The U.S. Securities and Exchange Commission (SEC) intensifies its oversight of the cryptocurrency industry by issuing a Wells Notice to Uniswap Labs, the entity behind the world's largest decentralized exchange (DEX), on April 10. Amid regulatory escalations, Uniswap Labs vows to defend its operations, asserting the legality of its platform and the non-security status of traded assets, including its native UNI token.
Uniswap Labs Braces for SEC Battle, Affirms Protocol, and Operations Remain Unchanged
In a recent report by CryptoPotato, Uniswap Labs confirmed the news in a press release on April 10, reassuring followers that the team is "ready to fight."
"This is the latest political effort to target even the best actors in crypto like Uniswap and Coinbase," the team stated, referring to the SEC's June 2023 lawsuit against the nation's largest centralized crypto exchange.

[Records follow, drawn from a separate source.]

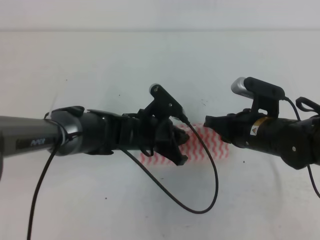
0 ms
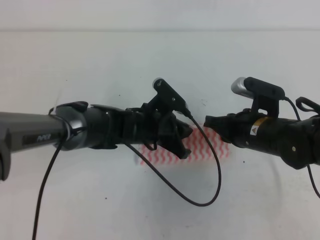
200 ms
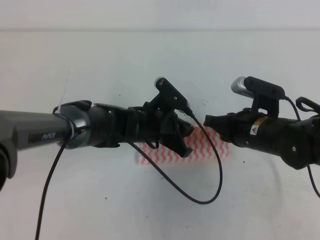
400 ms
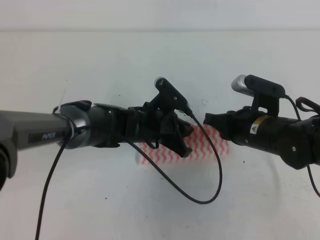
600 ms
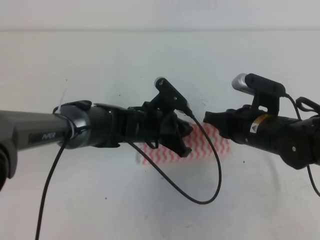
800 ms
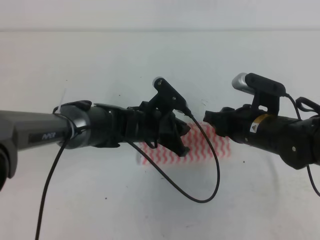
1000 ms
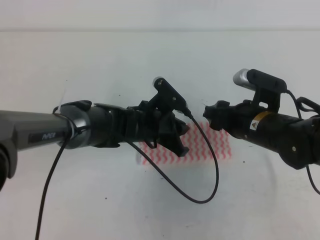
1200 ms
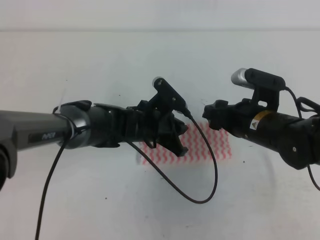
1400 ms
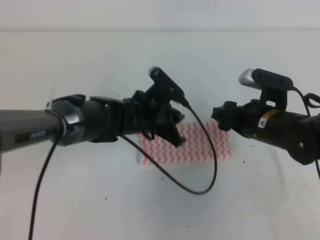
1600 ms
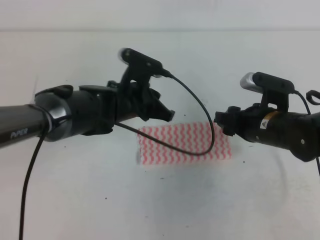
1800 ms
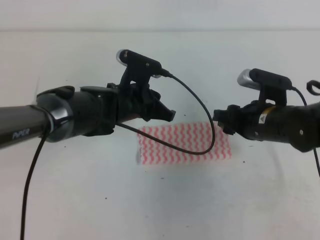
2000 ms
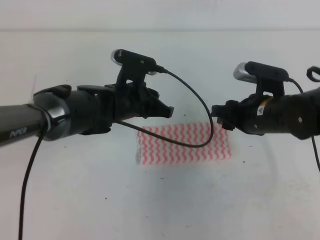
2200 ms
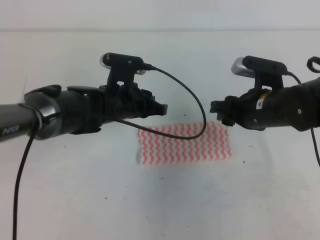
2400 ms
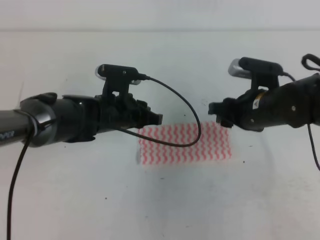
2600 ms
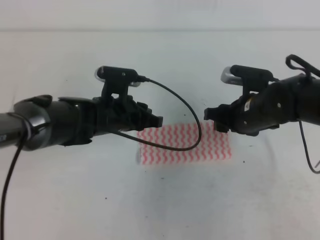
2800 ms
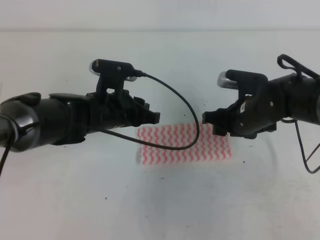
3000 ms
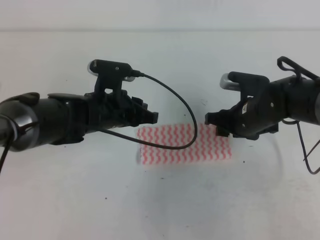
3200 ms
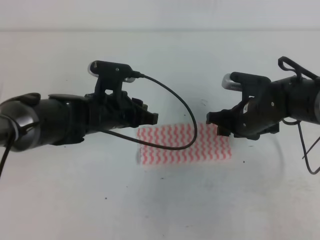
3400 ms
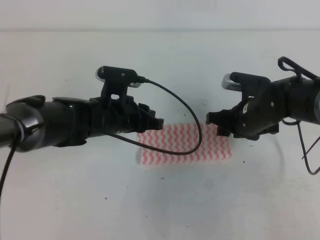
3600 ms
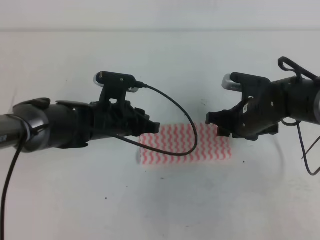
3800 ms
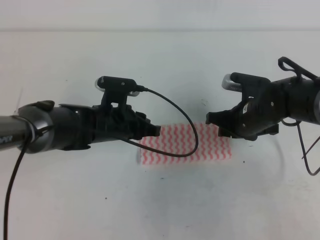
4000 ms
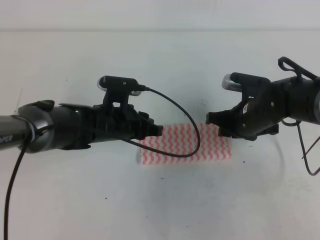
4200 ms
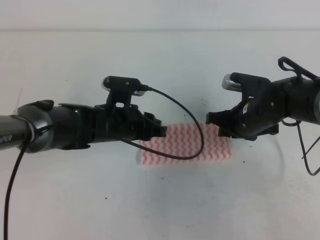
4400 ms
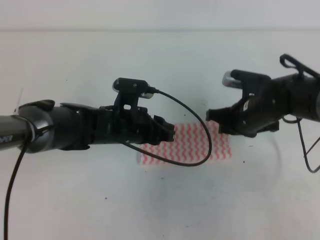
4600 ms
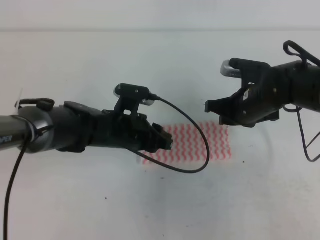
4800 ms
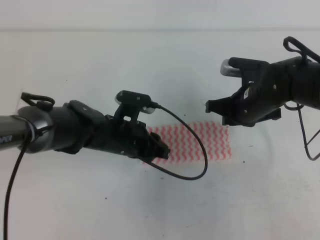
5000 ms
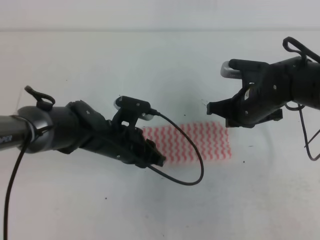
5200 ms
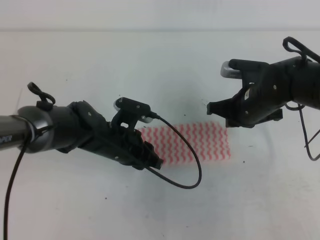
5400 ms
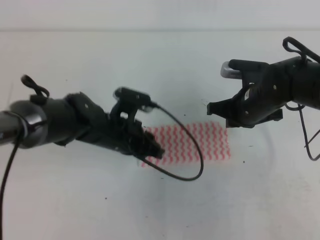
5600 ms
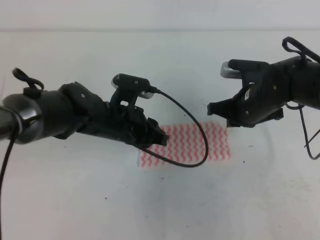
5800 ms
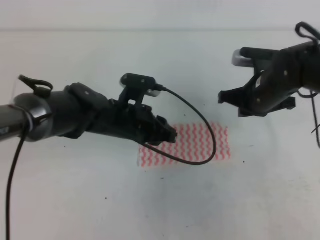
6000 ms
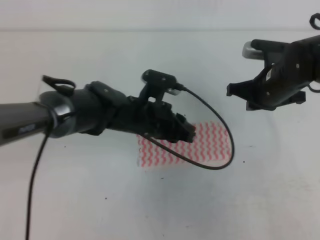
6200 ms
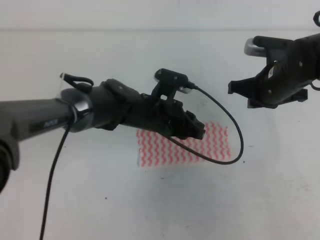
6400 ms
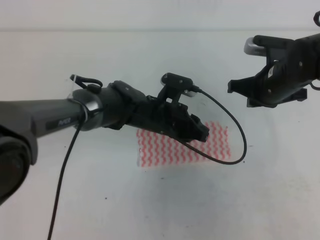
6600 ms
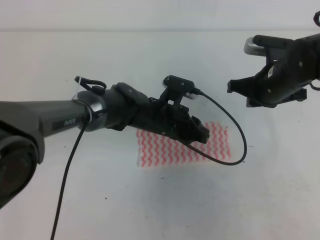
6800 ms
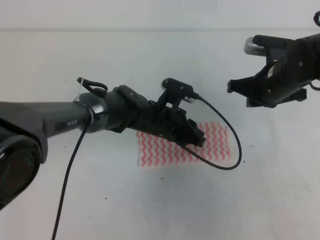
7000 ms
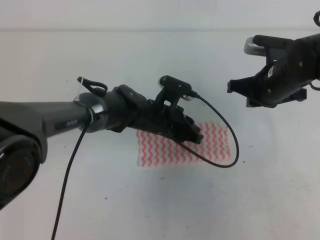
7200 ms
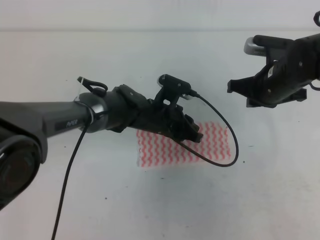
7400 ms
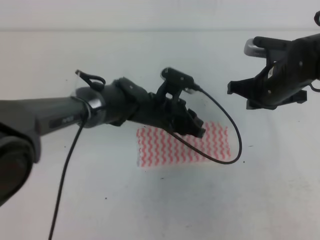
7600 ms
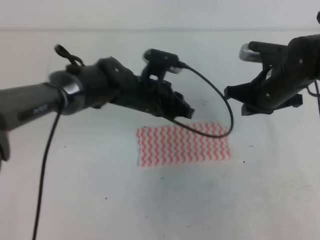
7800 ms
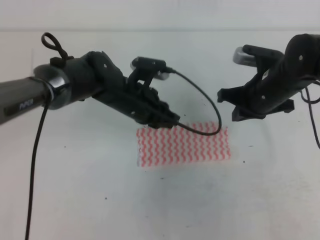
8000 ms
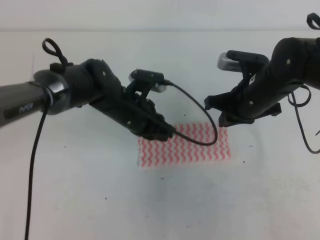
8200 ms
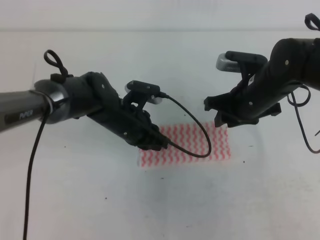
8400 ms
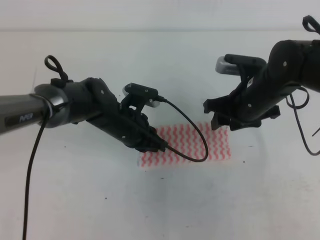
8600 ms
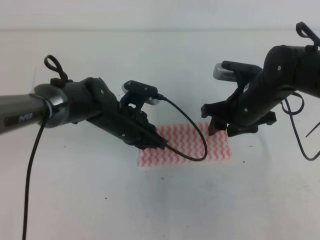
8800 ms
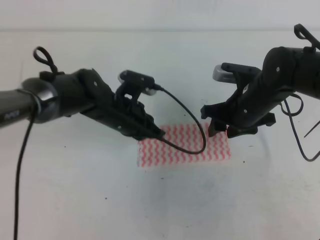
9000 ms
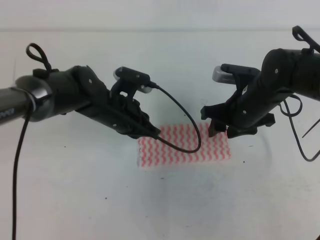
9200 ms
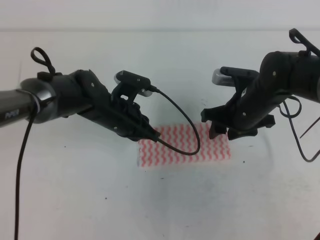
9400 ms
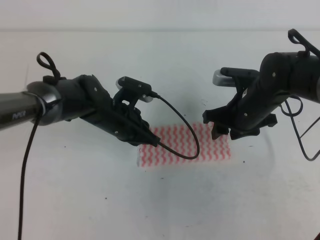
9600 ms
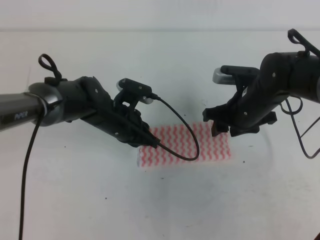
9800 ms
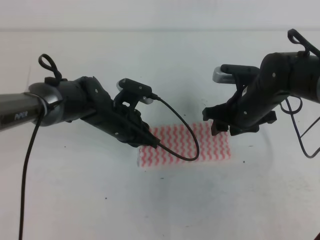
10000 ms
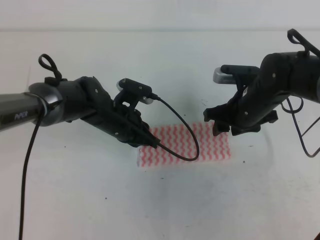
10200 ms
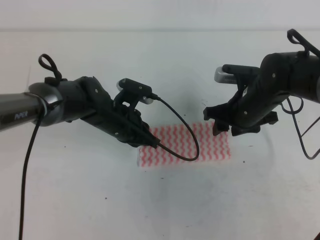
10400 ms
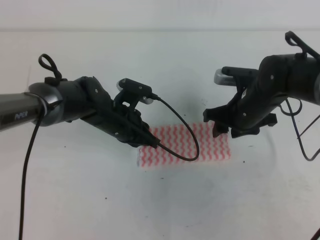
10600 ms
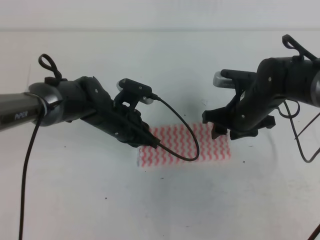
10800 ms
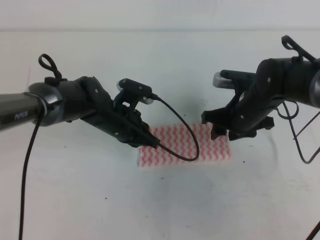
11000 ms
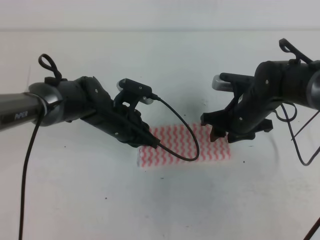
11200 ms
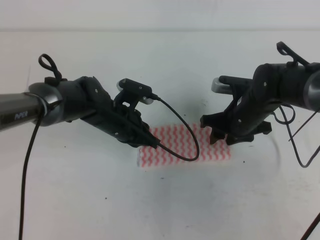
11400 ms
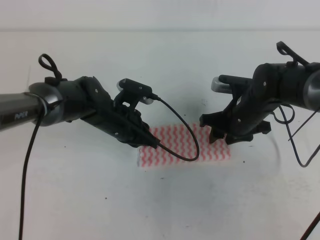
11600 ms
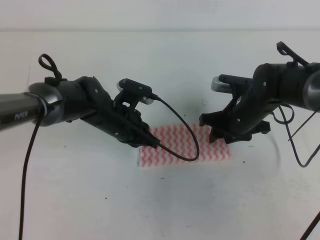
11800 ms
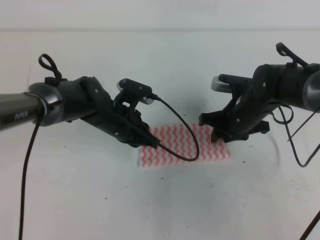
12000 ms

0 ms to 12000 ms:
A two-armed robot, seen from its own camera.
0 ms to 1600 ms: The right gripper opens its fingers.
1600 ms to 3000 ms: The left gripper moves to the left, roughly 5 cm.
3000 ms to 4400 ms: The grippers move only a little.
4400 ms to 6000 ms: The right gripper closes.
6000 ms to 7600 ms: The left gripper ends up some 5 cm from where it was.
7600 ms to 9000 ms: The left gripper goes approximately 5 cm to the left; the right gripper moves approximately 5 cm, and opens up.
9000 ms to 10400 ms: The grippers make only small movements.
10400 ms to 12000 ms: The right gripper closes.

"All Uniswap products and the Uniswap Protocol are unaffected," they added.
Uniswap Labs is a New York City-based software company that primarily contributes and develops the Uniswap protocol for Ethereum.

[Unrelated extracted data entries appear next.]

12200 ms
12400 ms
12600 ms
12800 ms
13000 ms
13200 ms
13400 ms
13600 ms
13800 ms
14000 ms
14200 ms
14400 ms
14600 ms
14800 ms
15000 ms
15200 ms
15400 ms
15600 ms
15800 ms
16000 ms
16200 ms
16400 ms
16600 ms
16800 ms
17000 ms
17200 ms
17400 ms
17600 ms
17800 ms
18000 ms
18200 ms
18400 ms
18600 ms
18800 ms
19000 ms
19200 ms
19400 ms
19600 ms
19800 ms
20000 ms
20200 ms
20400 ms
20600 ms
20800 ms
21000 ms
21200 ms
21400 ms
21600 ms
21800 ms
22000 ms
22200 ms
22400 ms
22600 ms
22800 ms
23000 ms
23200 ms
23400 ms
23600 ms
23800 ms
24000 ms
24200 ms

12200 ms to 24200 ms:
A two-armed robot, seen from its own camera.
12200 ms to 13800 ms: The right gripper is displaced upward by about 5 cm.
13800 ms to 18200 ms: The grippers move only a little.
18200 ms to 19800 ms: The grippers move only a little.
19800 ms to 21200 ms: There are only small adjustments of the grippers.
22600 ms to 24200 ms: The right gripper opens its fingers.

Unlike traditional competitors, the protocol allows users to access trading and liquidity crypto tokens without permission, trust, globalization, or centralization.
Uniswap Labs did not specify what the SEC intended to sue over, but the agency's history provides clear indications. Last year, it sued some exchanges, including Binance, Coinbase, and Kraken, for illegally listing alleged securities.
It has also sued several project teams, including Ripple, Terraform Labs, and others, for issuing unregistered securities in cryptocurrency tokens.
Uniswap Labs could be considered guilty of both activities. Not only does its protocol support the trading of thousands of tokens, but it also has its native token, UNI, which provides holders with a share of protocol revenue and voting power on development proposals.
Uniswap Defends Legal Standing, Argues UNI Token and Operations Not Securities
Uniswap argued that the assets "overwhelmingly traded" on its protocol are not securities, citing the court decision in SEC v. Ripple. That includes the UNI token, which it claims does not pass the Howey Test because it does not require investment in a single joint enterprise.
"Even if the Ripple decision and the Supreme Court's Howey test did not foreclose the SEC's arguments, the Uniswap Protocol, web app, and wallet would still not meet the legal definitions of securities exchange or broker," the firm added.
As a decentralized exchange, the firm claimed that current law does not give the SEC authority over self-custodial, on-chain trading decisions.
"The Uniswap technology ecosystem is sufficiently decentralized, much like Bitcoin and Ethereum," Uniswap Labs concluded. "We are confident that our products are on the right side of the law."